I have a little money saved, not much, but enough to last six weeks without getting paid. Two months if I cut out my weekly therapy sessions—which I really don’t want to do. But considering the alternative—going home with my tail tucked between my legs—a few weeks without seeing Dr. Collins is a small price to pay.

It’s one hundred and twelve today and I’m sweating by the time I reach the casino/hotel and I pause for a moment, right inside the doors, to soak up the air-conditioning and say good-bye to my sister.

Then I wind my way through the casino with its blinking lights and ringing slot machine bells, heading for accounting to pick up my check. By my calculations, it should be about forty-eight hours’ worth—a full week before my five days off—and then a full day yesterday. Which sounds like it should be a decent amount, but really isn’t when you think about how long this paycheck has to last me since there won’t be any more tips until I find another job.

I figure it will be a relatively quick procedure—I’ve been fired, after all. It’s not like that requires an exit interview. But when I get to accounting, they send me over to human resources and when I get to HR, they send me upstairs to Mr. Caine’s office.

Which totally pisses me off. I mean, come on. Yes, I hit a high roller but the jerk totally had it coming. Plus, I’ve already been fired—what the hell else does the old man want to do to me?

I’m tempted to duck out, to say to hell with the whole thing. But I need that paycheck—it’s the only thing standing between me and asking my father for money—and I’d rather hook on the Strip than ask him for a cent. Not because he wouldn’t give it to me, but because he would. The only problem is it would come with about a million strings attached to it and I am so done with that. It took me twenty-four years to cut those damn strings and gain control over my own life and when I did, it was messy as hell. No way am I voluntarily tying myself back up in them.

My stomach is roiling a little by the time I get to Mr. Caine’s office on the thirtieth floor. Not because I’m nervous about meeting with the big boss—I don’t get nervous like that anymore—but because I’m afraid of what he’s going to say. This is Vegas and these guys have all the power. If he doesn’t want to pay me because the high roller has suddenly decided to sue or something, there’s nothing I’m going to be able to do about it. Not without an attorney that I can’t afford anyway. And not when I’m the one who’s so clearly in the wrong.

Not that I’m about to admit that to him or anyone else.
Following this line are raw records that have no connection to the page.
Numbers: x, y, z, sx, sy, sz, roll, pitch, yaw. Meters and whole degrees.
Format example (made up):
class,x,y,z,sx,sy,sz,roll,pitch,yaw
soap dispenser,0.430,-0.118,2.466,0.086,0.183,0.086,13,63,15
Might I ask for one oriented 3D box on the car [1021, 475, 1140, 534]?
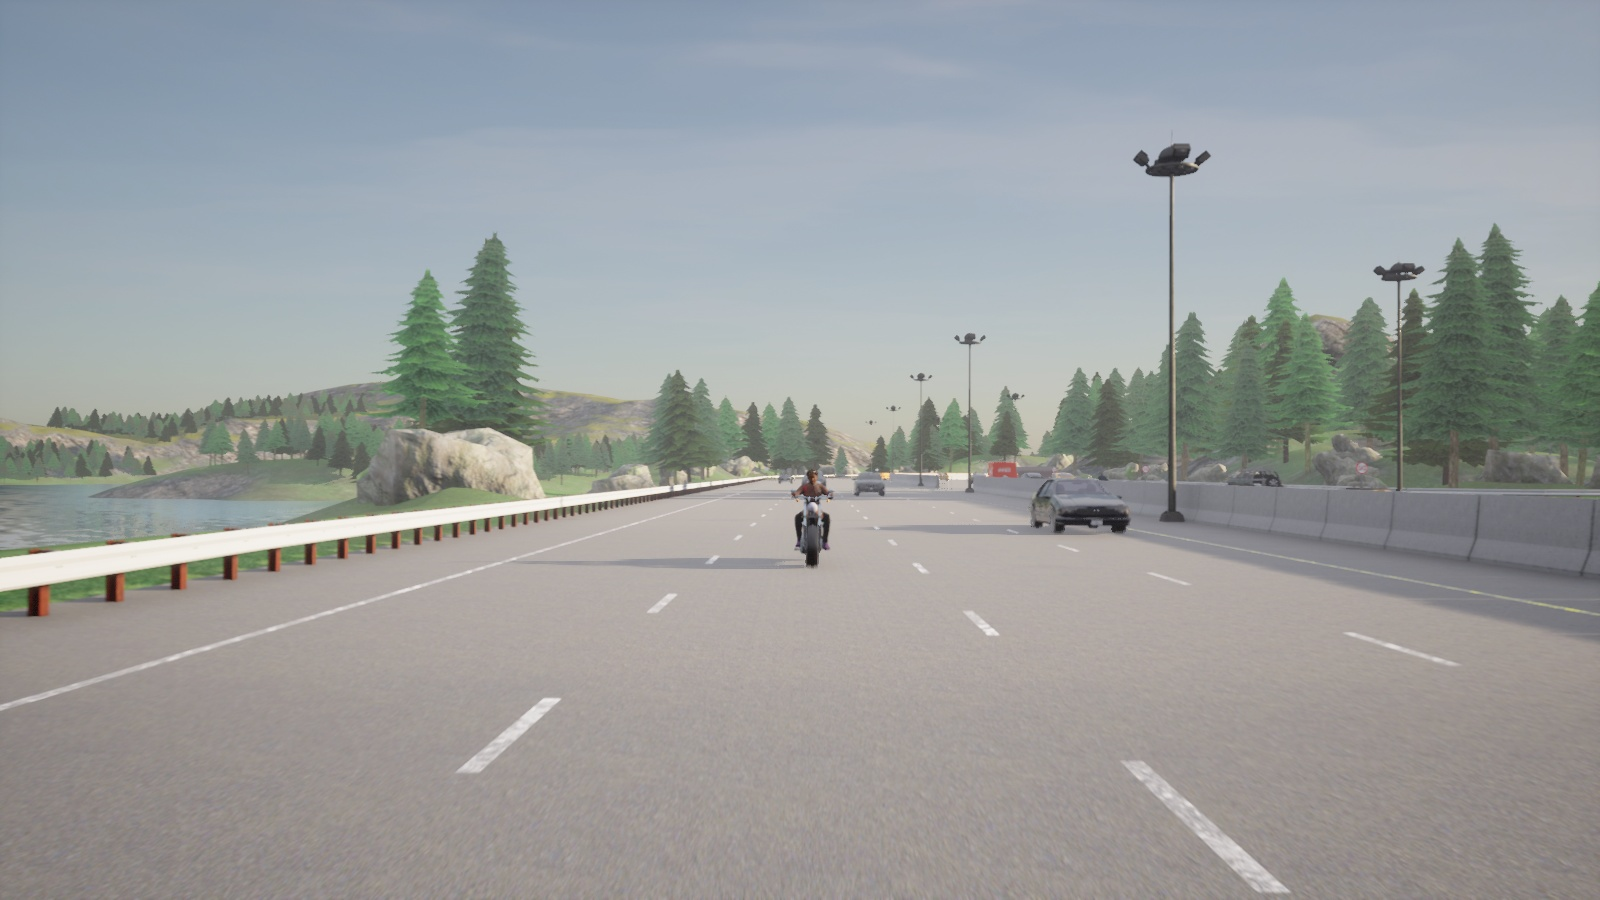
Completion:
class,x,y,z,sx,sy,sz,roll,pitch,yaw
car,7.372,1.395,33.563,2.033,1.411,5.357,0,-1,1

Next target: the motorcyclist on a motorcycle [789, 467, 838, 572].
class,x,y,z,sx,sy,sz,roll,pitch,yaw
motorcyclist on a motorcycle,0.220,1.116,21.026,0.766,1.649,2.350,0,-1,1

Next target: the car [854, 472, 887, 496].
class,x,y,z,sx,sy,sz,roll,pitch,yaw
car,4.422,2.133,79.503,1.837,1.490,4.892,0,-1,1

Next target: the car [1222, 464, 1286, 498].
class,x,y,z,sx,sy,sz,roll,pitch,yaw
car,25.311,1.706,70.206,1.932,1.855,4.605,0,-1,1
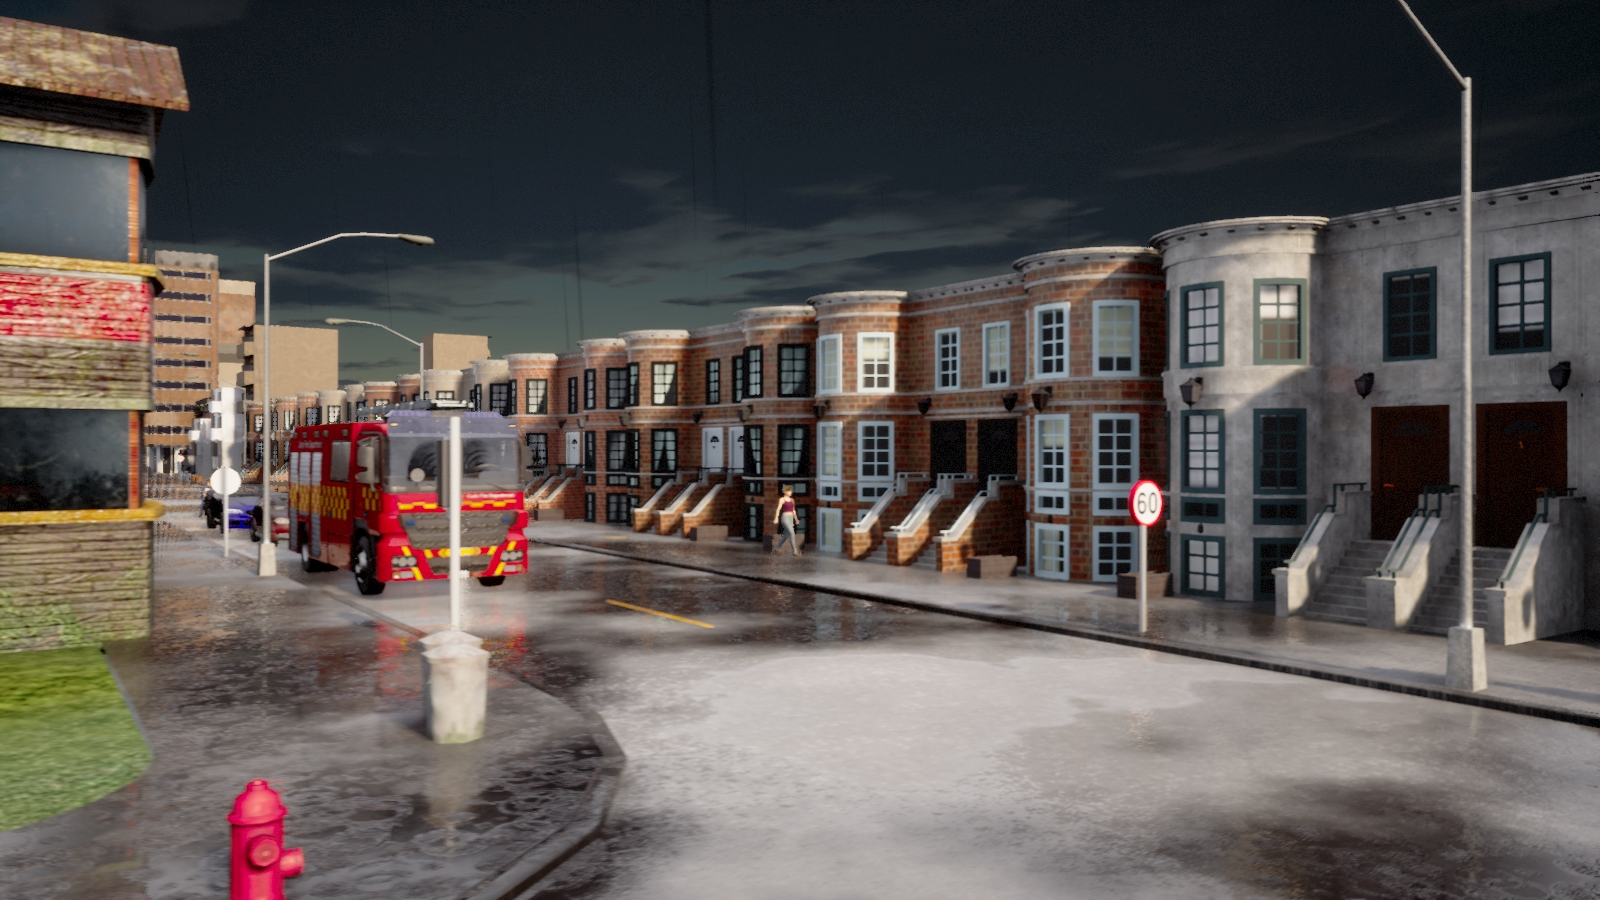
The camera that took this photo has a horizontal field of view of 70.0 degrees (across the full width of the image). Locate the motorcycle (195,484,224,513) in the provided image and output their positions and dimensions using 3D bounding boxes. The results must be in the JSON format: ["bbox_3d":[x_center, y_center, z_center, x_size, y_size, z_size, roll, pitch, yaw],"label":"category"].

No, I need that damn paycheck and I’m not walking out of here without it.

When I get to his office, I check in with his secretary—an older woman with short hair and a sour expression that reminds me of the nuns at Our Lady of Lourdes, the all-girls Catholic school I attended all the way through my senior year in high school. She tells me to take a seat, but I ignore her. Instead, I wander over to the window and look out at the Strip far below me. From here it looks almost magical—the dirt and porn pamphlets and desperation are a million miles away.

I can’t help remembering a time when they were always a million miles away, a time when the glitter and the glam was all I knew of Las Vegas.